I also recommend that the committee consider the concept that deterrence is also an important factor that could be considered in the prevention of crime. The last message we want to send is that when people steal a pair of jeans and get caught, all they need to do is pay a pittance and there will be no record of their crime. Having a record creates a deterrent and reminds us that crime is not welcome in our communities.

Let us not forget that with every crime there are also multiple victims. I strongly urge the committee not to recommend a reversal of important provisions found in Bill C-10 that put community safety first, and were grounded in a philosophy that victims matter. I recommend not allowing criminals like child predators and repeat offenders with three or more indictable offences to be eligible to receive record suspension. I recommend not altering the required number of years that people with serious criminal convictions, like violent and sexual crimes, have to demonstrate their rehabilitation, before they can apply.

I ask the committee to consider the balance Bill C-10 struck between recognizing the role record suspensions play in facilitating reintegration, ensuring the protection of our communities, particularly the most vulnerable, and placing victims rights at the forefront.
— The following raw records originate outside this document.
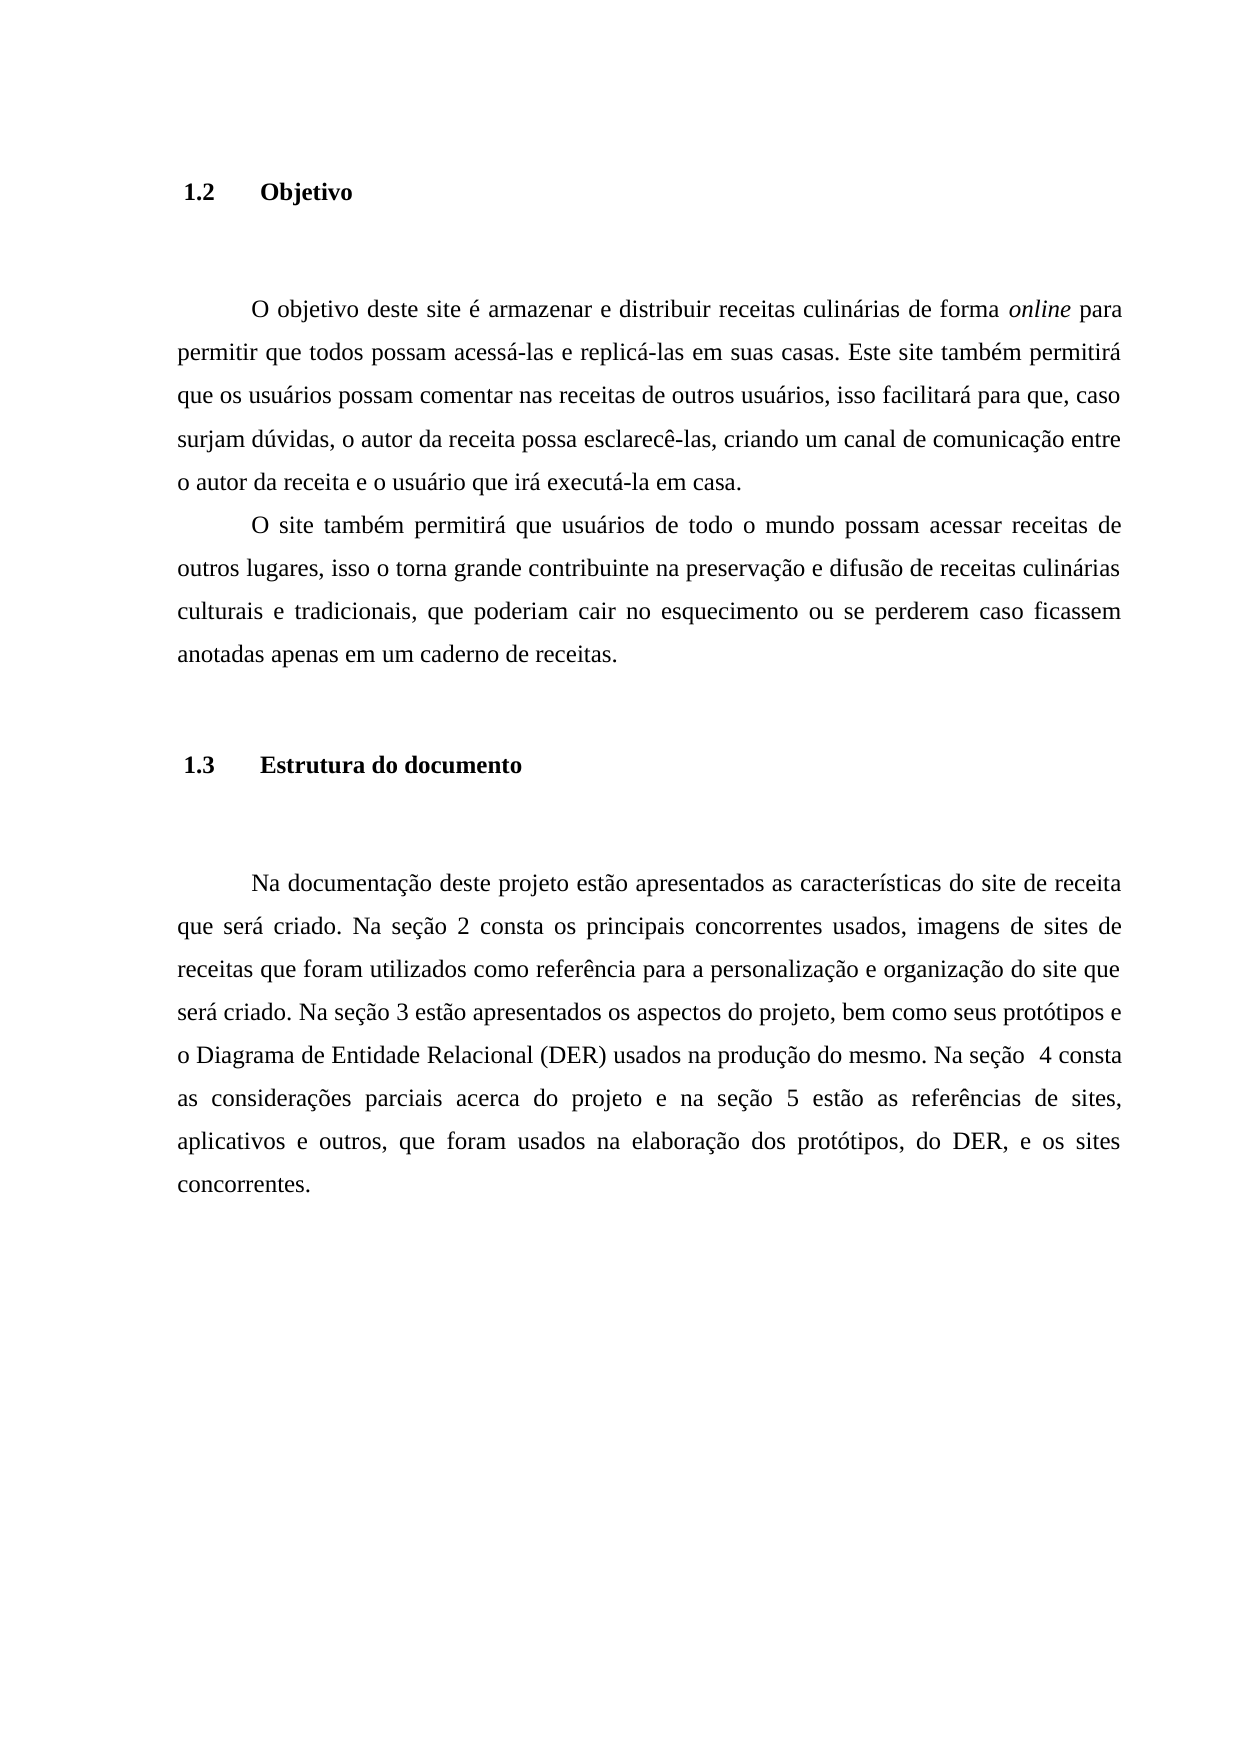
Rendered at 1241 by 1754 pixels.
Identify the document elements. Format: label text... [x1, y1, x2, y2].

text Na documentação deste projeto estão apresentados as características do site de receita que será criado. Na seção 2 consta os principais concorrentes usados, imagens de sites de receitas que foram utilizados como referência para a personalização e organização do site que será criado. Na seção 3 estão apresentados os aspectos do projeto, bem como seus protótipos e o Diagrama de Entidade Relacional (DER) usados na produção do mesmo. Na seção 4 consta as considerações parciais acerca do projeto e na seção 5 estão as referências de sites, aplicativos e outros, que foram usados na elaboração dos protótipos, do DER, e os sites concorrentes. [177, 868, 1122, 1198]
text O objetivo deste site é armazenar e distribuir receitas culinárias de forma online para permitir que todos possam acessá-las e replicá-las em suas casas. Este site também permitirá que os usuários possam comentar nas receitas de outros usuários, isso facilitará para que, caso surjam dúvidas, o autor da receita possa esclarecê-las, criando um canal de comunicação entre o autor da receita e o usuário que irá executá-la em casa. [177, 294, 1122, 496]
subtitle Objetivo [177, 177, 1122, 206]
text O site também permitirá que usuários de todo o mundo possam acessar receitas de outros lugares, isso o torna grande contribuinte na preservação e difusão de receitas culinárias culturais e tradicionais, que poderiam cair no esquecimento ou se perderem caso ficassem anotadas apenas em um caderno de receitas. [177, 510, 1122, 668]
subtitle Estrutura do documento [177, 750, 1122, 779]
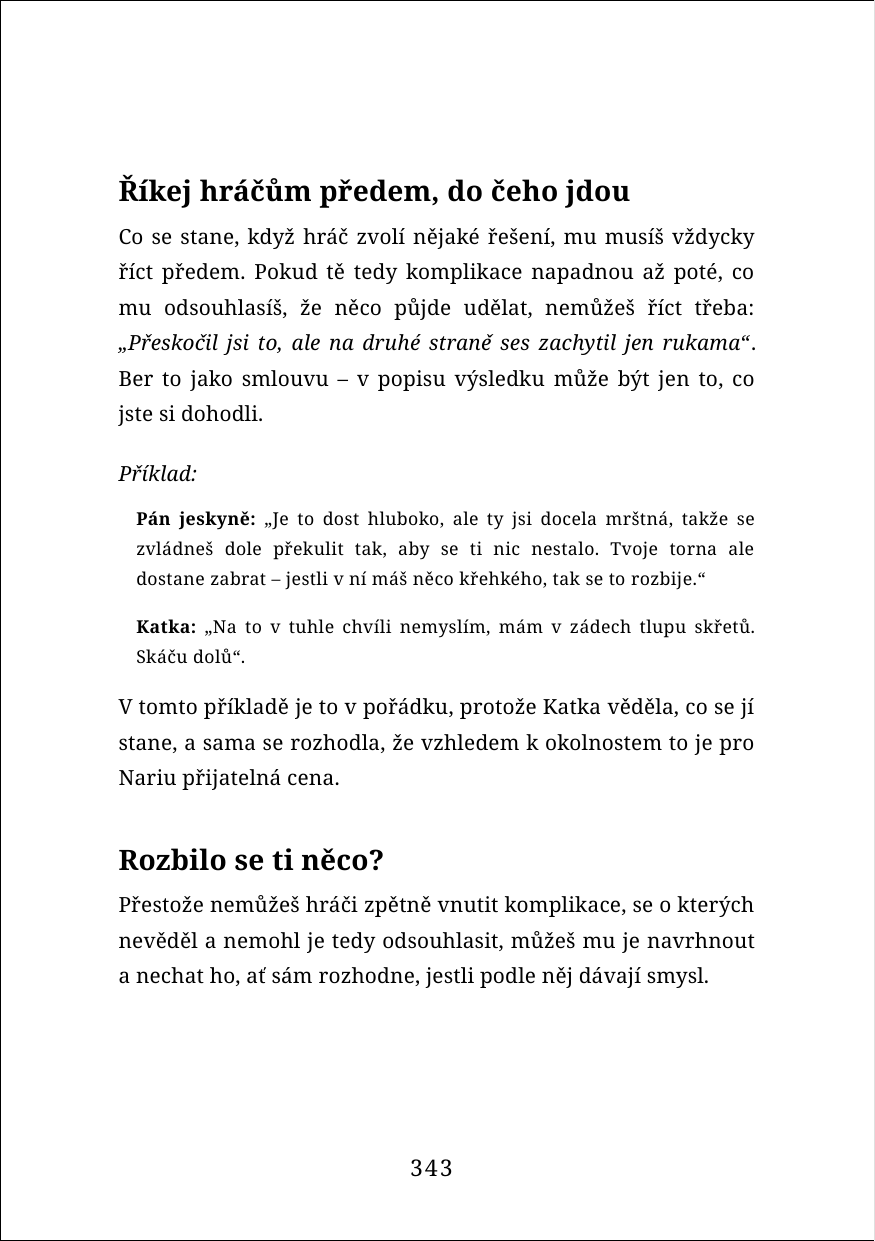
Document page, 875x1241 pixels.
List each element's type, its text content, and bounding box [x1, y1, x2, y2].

text Co se stane, když hráč zvolí nějaké řešení, mu musíš vždycky říct předem. Pokud tě tedy komplikace napadnou až poté, co mu odsouhlasíš, že něco půjde udělat, nemůžeš říct třeba: „Přeskočil jsi to, ale na druhé straně ses zachytil jen rukama“. Ber to jako smlouvu – v popisu výsledku může být jen to, co jste si dohodli. [118, 222, 756, 428]
text Přestože nemůžeš hráči zpětně vnutit komplikace, se o kterých nevěděl a nemohl je tedy odsouhlasit, můžeš mu je navrhnout a nechat ho, ať sám rozhodne, jestli podle něj dávají smysl. [118, 890, 756, 990]
text Katka: „Na to v tuhle chvíli nemyslím, mám v zádech tlupu skřetů. Skáču dolů“. [136, 614, 756, 669]
text Pán jeskyně: „Je to dost hluboko, ale ty jsi docela mrštná, takže se zvládneš dole překulit tak, aby se ti nic nestalo. Tvoje torna ale dostane zabrat – jestli v ní máš něco křehkého, tak se to rozbije.“ [136, 506, 756, 591]
text V tomto příkladě je to v pořádku, protože Katka věděla, co se jí stane, a sama se rozhodla, že vzhledem k okolnostem to je pro Nariu přijatelná cena. [118, 692, 756, 792]
text Příklad: [118, 459, 756, 487]
subtitle Rozbilo se ti něco? [118, 840, 756, 879]
subtitle Říkej hráčům předem, do čeho jdou [118, 172, 756, 210]
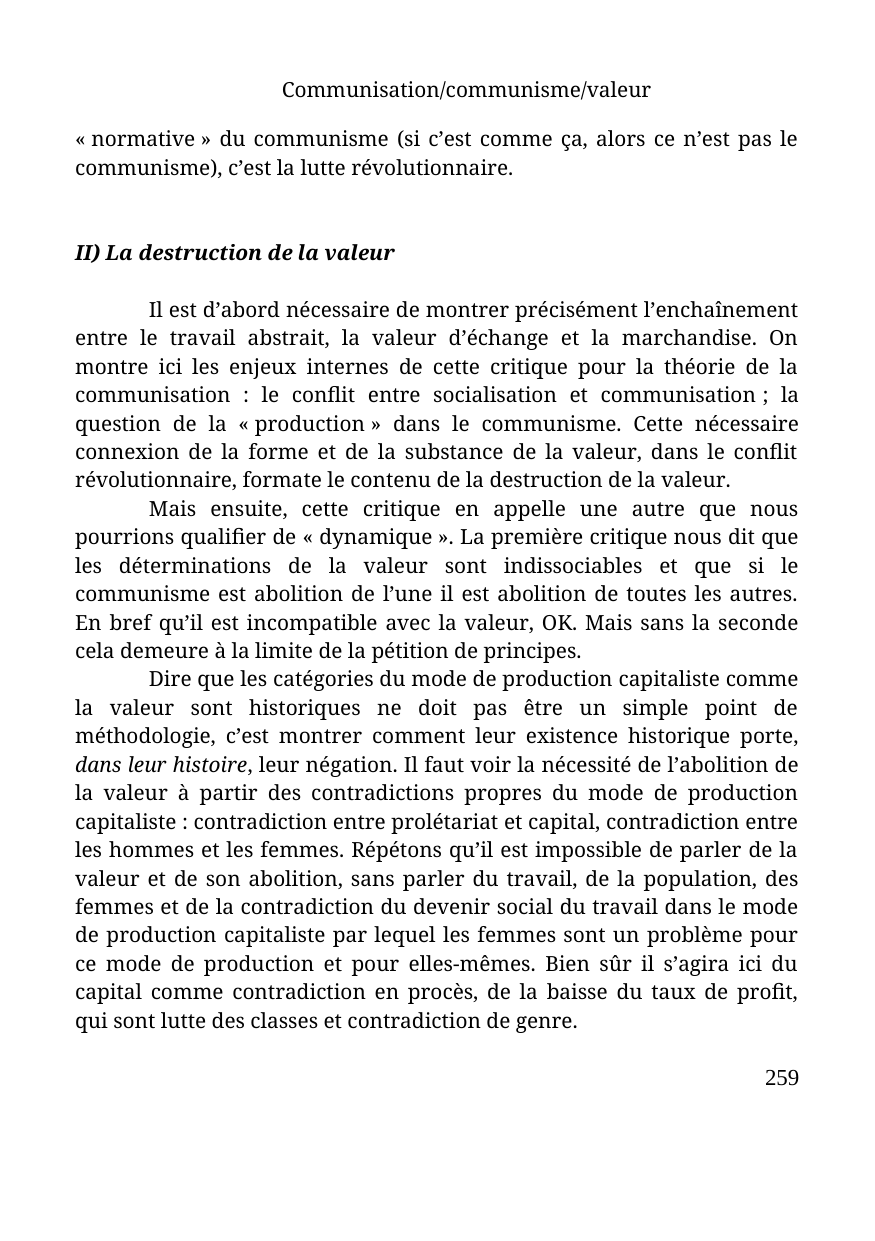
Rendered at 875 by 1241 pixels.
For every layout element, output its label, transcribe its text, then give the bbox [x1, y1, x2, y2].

We need to ensure that record suspensions do not become a right for criminals. We need to ensure that criminals cannot buy a pass on their criminal behaviour. We need to ensure that a record means something, and we need to ensure that rehabilitation is still the overarching factor in the record suspension process.

The Liberals have demonstrated, in the past few weeks, a concerning preference to coddle criminals rather than champion the safety of the public and respond to the victims. Whether it was giving a convicted cop killer Chris Garnier veterans benefits, despite spending not one second in the Canadian Armed Forces and, something Chris Garnier openly claims, despite the fact that he contracted post-traumatic stress disorder in the process of committing his crime when he murdered a female police officer; whether it was deciding to move a child killer from behind bars to a healing lodge with no fence and with children living inside; or whether it is a lack of transparency in the Liberals' plan on dealing with returning ISIS terrorists, the trend must stop there.

As spoken

Corrections and Conditional Release ActRoutine Proceedings

October 23rd, 2018 / 1:50 p.m.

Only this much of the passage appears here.